Learn about tables, fields (or attributes), records, keys and table relationships.

What is database structure?

A database structure is the blueprint that defines how data is arranged ,organized, stored, accessed, and managed within a database. It’s the underlying framework that ensures efficient data handling, minimizes redundancy, and promotes data integrity. Within a database, data are grouped into tables, each of which consists of rows and columns, like in a spreadsheet.

The structure of a database consists of a set of key components:

• Tables: The core building blocks, each representing a distinct entity or category of data (e.g., customers, products, orders). A table contains all the fields, attributes and records for a type of entity. A database will most probably contain more than one table.
• Columns: Attributes or characteristics within a table, holding specific data types like text, numbers, dates, or even images (e.g., customer_id, product_name, order_date). Column headings are known as fields. Each field contains a different attribute. For every table, a unit of data is entered into each field. It’s also known as a column value. Each column has a data type. For example, the “agent_name” column has a data type of text, and the “commission” column has a numeric data type.
• Data Types: Data classifications indicating the format and values allowed in a column (e.g., int, varchar, date, blob).
• Constraints: Rules that govern data integrity and consistency, commonly including:
  • Primary Key: A unique identifier for each table row, ensuring no duplicates (e.g., customer_id).
  • Foreign Key: A column referencing a primary key in another table, establishing relationships (e.g., order_id referencing customer_id in the Orders table).
  • NOT NULL: Enforces a value in a column (e.g., customer_name cannot be null).
  • UNIQUE: Prevents duplicate values (except for primary keys) within a column.
• Relationships: Connections between tables, often modeled using foreign keys. They define how entities are linked (e.g., an Order belongs to a specific Customer).

This image shows the basic structural elements of a database table.

Data types are also a way of classifying data values or column values. Different kinds of data values or column values require different amounts of memory to store them. Different operations can be performed on those column values based on their datatypes.

Some common data types used in databases are:

• Numeric data types such as INT, TINYINT, BIGINT, FLOAT and REAL. 
• Date and time data types such as DATE, TIME and DATETIME. 
• Character and string data types such as CHAR and VARCHAR.
• Binary data types such as BINARY and VARBINARY. 
• And miscellaneous data types such as:
  • Character Large Object (CLOB), for storing a large block of text in some form of text encoding.  
  • and Binary Large Object (BLOB), for storing a collection of binary data such as images. 

Logical database structure

The logical database structure refers to how data is organized and represented within a database system at a conceptual level.

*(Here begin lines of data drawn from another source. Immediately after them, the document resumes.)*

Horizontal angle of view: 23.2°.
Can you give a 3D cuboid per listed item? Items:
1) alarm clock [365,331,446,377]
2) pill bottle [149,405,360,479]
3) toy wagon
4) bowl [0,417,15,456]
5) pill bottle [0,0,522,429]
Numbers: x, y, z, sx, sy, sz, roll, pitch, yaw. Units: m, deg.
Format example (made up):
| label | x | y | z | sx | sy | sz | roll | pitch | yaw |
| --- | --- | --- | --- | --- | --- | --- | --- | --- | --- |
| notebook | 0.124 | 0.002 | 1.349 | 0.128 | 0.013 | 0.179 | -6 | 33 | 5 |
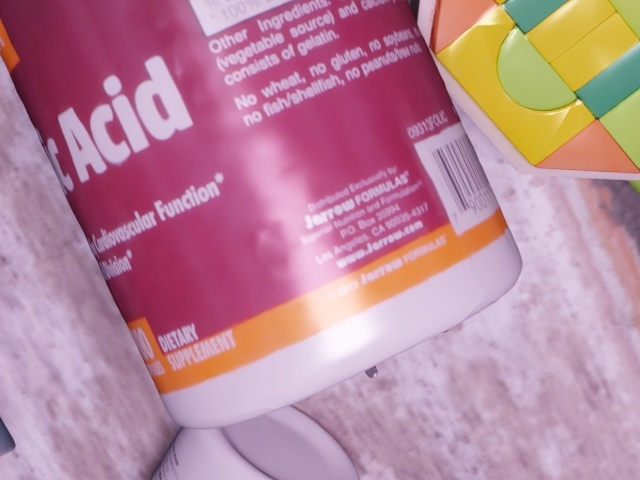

It focuses on the logical relationships between data elements, without concern for the physical implementation details such as storage mechanisms or indexing strategies. The logical structure defines the database schema, which outlines the structure of the database and the relationships between its components.

Key components of the logical database structure include:

1. Entities and Attributes:
   • Entities represent the main data objects or concepts in the database, such as customers, orders, products, etc.
   • Attributes define the characteristics or properties of entities. Each attribute represents a specific piece of information about an entity.
   • Entities and attributes are defined in the database schema using entity-relationship diagrams (ERDs) or similar modeling techniques.
2. Relationships:
   • Relationships define how entities are related to each other within the database.
   • Relationships are represented by lines connecting entities in ERDs, with labels indicating the nature of the relationship (e.g., one-to-many, many-to-many).
   • Relationships enforce data integrity and define the rules for data manipulation and navigation within the database.
3. Keys:
   • Keys are used to uniquely identify instances of entities within the database.
   • Primary keys uniquely identify each record or row in a table and serve as the main identifier for the entity.
   • Foreign keys establish relationships between tables by referencing the primary key of another table.
4. Constraints:
   • Constraints define rules and conditions that data must adhere to within the database.
   • Common constraints include primary key constraints (ensuring uniqueness), foreign key constraints (enforcing referential integrity), and check constraints (validating data values).
5. Normalization:
   • Normalization is the process of organizing data in a database to minimize redundancy and dependency.
   • It involves decomposing larger tables into smaller, related tables to reduce data duplication and improve data integrity.
6. Views:
   • Views are virtual tables that are based on the results of SQL queries.
   • They provide a way to present data from one or more tables in a customized format without altering the underlying data.

Overall, the logical database structure provides a conceptual framework for understanding the organization and relationships of data within the database. It serves as the foundation for designing and implementing the physical database structure, which determines how data is stored and accessed on disk.